Secondary Objectives To determine if post-operative moving pain scores, opioids use, nausea, and sleep interference differ between women undergoing bilateral mastectomy followed by bilateral immediate tissue expander reconstruction randomized either to ropivacaine- (treatment) or saline- (placebo) pre-operatively placed paravertebral blocks.
Pain score, opioids use, nausea, and sleep interference data will be collected via patient self-report. When possible (i.e., while hospitalized) objective data on opioids and other pain medication administered to the patient will be used.
Tertiary Objectives To determine if long-term changes in Quality of Life scores \[the RAND-36 Health Survey, Disability of the Arm, Shoulder, and Hand (Quick DASH) questionnaire, and Breast-Q scores\] differ between women undergoing bilateral mastectomy followed by bilateral immediate tissue expander reconstruction randomized either to ropivacaine- (treatment) or saline- (placebo) pre-operatively placed paravertebral blocks.
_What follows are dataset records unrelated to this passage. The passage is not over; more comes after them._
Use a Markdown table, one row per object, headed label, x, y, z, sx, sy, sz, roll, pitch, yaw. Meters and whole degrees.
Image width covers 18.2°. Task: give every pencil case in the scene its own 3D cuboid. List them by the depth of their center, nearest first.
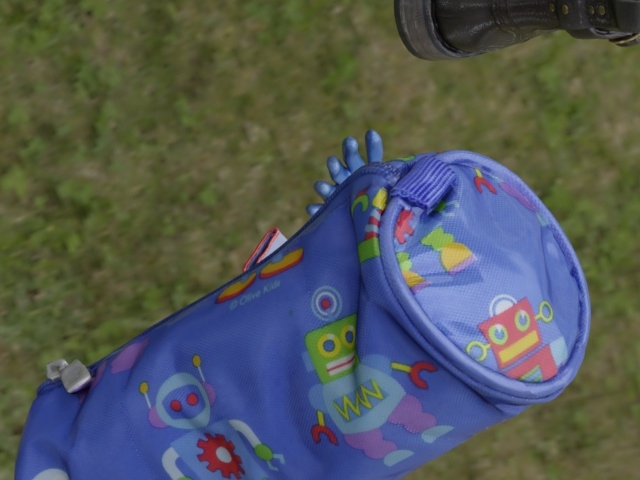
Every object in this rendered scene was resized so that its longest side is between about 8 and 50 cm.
| label | x | y | z | sx | sy | sz | roll | pitch | yaw |
| --- | --- | --- | --- | --- | --- | --- | --- | --- | --- |
| pencil case | -0.021 | 0.067 | 0.931 | 0.133 | 0.306 | 0.119 | 50 | 39 | -9 |

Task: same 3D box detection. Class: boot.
| label | x | y | z | sx | sy | sz | roll | pitch | yaw |
| --- | --- | --- | --- | --- | --- | --- | --- | --- | --- |
| boot | 0.197 | -0.165 | 1.227 | 0.263 | 0.229 | 0.091 | -32 | 113 | -39 |

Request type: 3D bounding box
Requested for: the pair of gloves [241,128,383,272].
| label | x | y | z | sx | sy | sz | roll | pitch | yaw |
| --- | --- | --- | --- | --- | --- | --- | --- | --- | --- |
| pair of gloves | 0.000 | 0.000 | 1.714 | 0.198 | 0.023 | 0.159 | -55 | 155 | -8 |
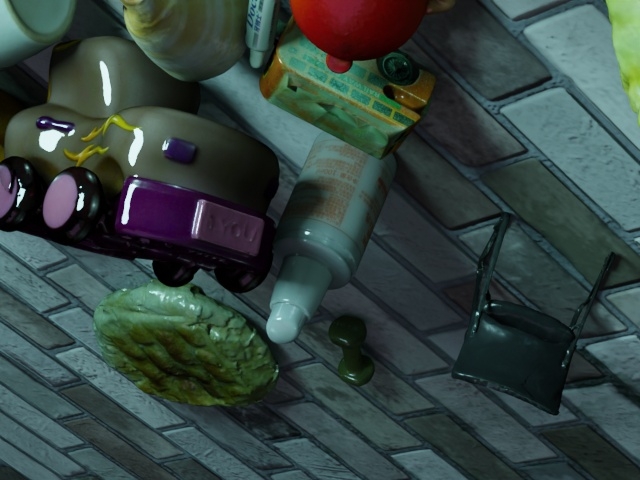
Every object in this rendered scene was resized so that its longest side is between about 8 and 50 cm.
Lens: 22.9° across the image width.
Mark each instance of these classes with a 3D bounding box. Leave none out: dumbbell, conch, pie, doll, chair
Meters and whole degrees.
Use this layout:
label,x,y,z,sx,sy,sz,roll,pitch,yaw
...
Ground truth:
label,x,y,z,sx,sy,sz,roll,pitch,yaw
dumbbell,0.042,0.148,2.119,0.052,0.046,0.118,16,149,21
conch,-0.137,-0.241,1.537,0.158,0.127,0.255,55,-179,3
pie,-0.194,0.158,2.264,0.306,0.071,0.306,16,150,10
doll,0.046,-0.248,1.480,0.183,0.085,0.217,6,135,1
chair,0.224,0.107,1.769,0.140,0.221,0.145,19,148,4

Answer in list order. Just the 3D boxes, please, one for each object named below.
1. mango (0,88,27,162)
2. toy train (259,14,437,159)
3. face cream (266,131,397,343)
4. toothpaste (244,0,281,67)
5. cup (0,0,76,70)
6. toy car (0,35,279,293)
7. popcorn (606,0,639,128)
label,x,y,z,sx,sy,sz,roll,pitch,yaw
mango,-0.406,-0.104,1.936,0.166,0.136,0.236,-7,143,34
toy train,0.022,-0.161,1.608,0.188,0.099,0.072,26,149,-8
face cream,0.000,0.000,1.719,0.101,0.252,0.101,16,148,10
toothpaste,-0.050,-0.253,1.515,0.048,0.029,0.197,39,135,33
cup,-0.368,-0.246,1.687,0.234,0.186,0.258,-6,169,26
toy car,-0.184,-0.087,1.667,0.340,0.240,0.271,7,171,45
popcorn,0.340,-0.174,1.265,0.224,0.270,0.258,4,-171,33
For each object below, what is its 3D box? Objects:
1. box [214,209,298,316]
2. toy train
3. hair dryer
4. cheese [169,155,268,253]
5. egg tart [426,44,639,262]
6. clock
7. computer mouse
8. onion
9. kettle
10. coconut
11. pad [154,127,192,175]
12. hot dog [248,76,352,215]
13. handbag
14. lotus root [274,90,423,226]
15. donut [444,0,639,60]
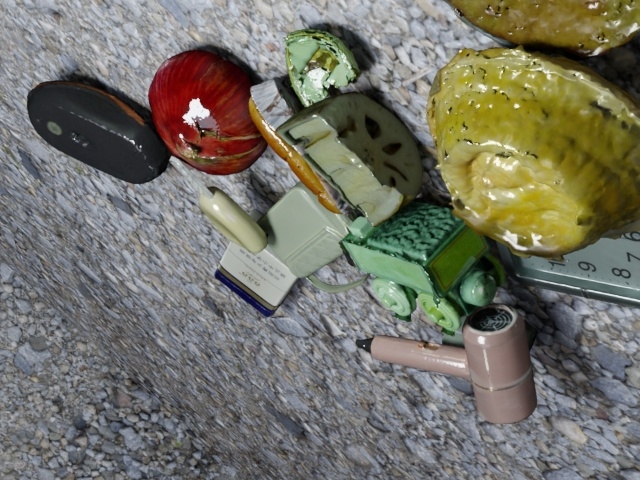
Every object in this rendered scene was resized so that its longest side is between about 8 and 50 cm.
[{"bbox_3d":[-0.127,0.056,1.928,0.168,0.071,0.259,38,151,0],"label":"box"},{"bbox_3d":[0.172,0.034,1.481,0.271,0.159,0.188,18,146,54],"label":"toy train"},{"bbox_3d":[0.199,0.195,1.565,0.344,0.107,0.189,5,125,34],"label":"hair dryer"},{"bbox_3d":[-0.195,-0.072,1.654,0.127,0.054,0.251,27,164,47],"label":"cheese"},{"bbox_3d":[0.266,-0.091,1.128,0.345,0.132,0.345,28,153,16],"label":"egg tart"},{"bbox_3d":[0.377,-0.020,1.309,0.279,0.049,0.273,13,142,38],"label":"clock"},{"bbox_3d":[-0.445,-0.230,1.829,0.323,0.116,0.183,26,148,7],"label":"computer mouse"},{"bbox_3d":[-0.202,-0.214,1.564,0.248,0.161,0.248,41,149,32],"label":"onion"},{"bbox_3d":[0.306,0.161,1.601,0.148,0.098,0.127,24,120,19],"label":"kettle"},{"bbox_3d":[0.000,-0.271,1.356,0.133,0.055,0.158,49,149,-22],"label":"coconut"},{"bbox_3d":[-0.280,-0.196,1.810,0.113,0.006,0.187,47,147,-14],"label":"pad"},{"bbox_3d":[-0.023,-0.151,1.480,0.075,0.144,0.268,-31,106,19],"label":"hot dog"},{"bbox_3d":[0.000,0.000,1.681,0.219,0.079,0.256,52,149,-2],"label":"handbag"},{"bbox_3d":[0.057,-0.139,1.394,0.235,0.138,0.119,39,144,-21],"label":"lotus root"},{"bbox_3d":[0.251,-0.324,0.980,0.272,0.107,0.272,25,152,14],"label":"donut"}]
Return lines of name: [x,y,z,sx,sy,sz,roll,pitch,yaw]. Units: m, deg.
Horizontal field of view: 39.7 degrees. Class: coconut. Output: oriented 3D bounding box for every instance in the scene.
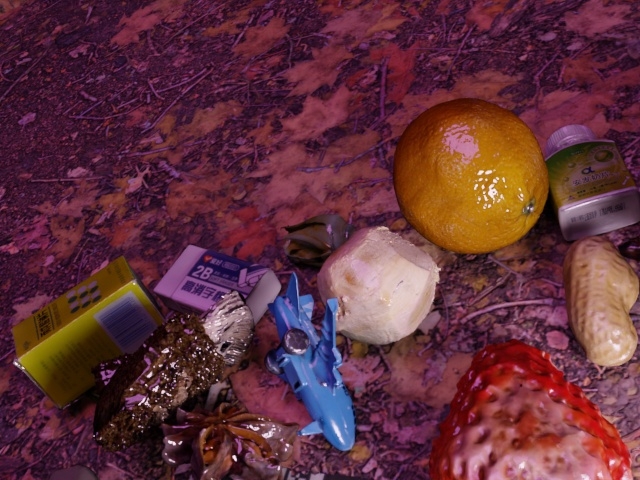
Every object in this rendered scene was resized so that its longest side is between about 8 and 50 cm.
coconut: [0.083,0.078,1.412,0.194,0.194,0.194,-14,44,14]

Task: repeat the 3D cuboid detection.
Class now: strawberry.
strawberry: [0.259,0.256,1.170,0.265,0.149,0.336,-16,42,14]

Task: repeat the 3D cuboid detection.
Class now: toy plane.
toy plane: [-0.017,0.194,1.358,0.105,0.254,0.271,-4,64,-27]

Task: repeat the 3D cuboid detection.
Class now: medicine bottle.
medicine bottle: [0.440,-0.102,1.474,0.132,0.088,0.188,-17,44,11]
medicine bottle: [-0.407,0.162,1.576,0.250,0.141,0.137,-34,32,-8]

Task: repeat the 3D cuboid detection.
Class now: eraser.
eraser: [-0.189,0.087,1.614,0.210,0.068,0.124,15,59,36]

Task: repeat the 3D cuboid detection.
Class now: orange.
orange: [0.246,-0.103,1.451,0.264,0.264,0.264,-14,44,14]

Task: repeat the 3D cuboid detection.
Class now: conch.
conch: [0.004,0.000,1.600,0.201,0.079,0.094,-15,54,38]

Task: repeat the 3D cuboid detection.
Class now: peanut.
peanut: [0.413,0.085,1.298,0.108,0.095,0.226,-11,46,22]

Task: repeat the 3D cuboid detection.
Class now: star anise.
star anise: [-0.130,0.309,1.306,0.214,0.220,0.099,28,109,44]

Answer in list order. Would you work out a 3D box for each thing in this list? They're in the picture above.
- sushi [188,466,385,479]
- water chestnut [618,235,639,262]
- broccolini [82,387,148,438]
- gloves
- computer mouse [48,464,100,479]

This data will be collected via validated questionnaires through patient interviews at 3-months, 2-years, and 4-years (±14 days) after surgery.
Once enrolled in the study, participants will be encouraged to remain in the study for the 4 years following surgery in order to get final pain scores and quality-of-life/health outcome survey information. Participants who cannot be contacted after several phone attempts and the sending of 2 certified letters via US Postal Service for 3-month, 2-year, and/or 4-year outcome assessments will be considered lost to follow-up.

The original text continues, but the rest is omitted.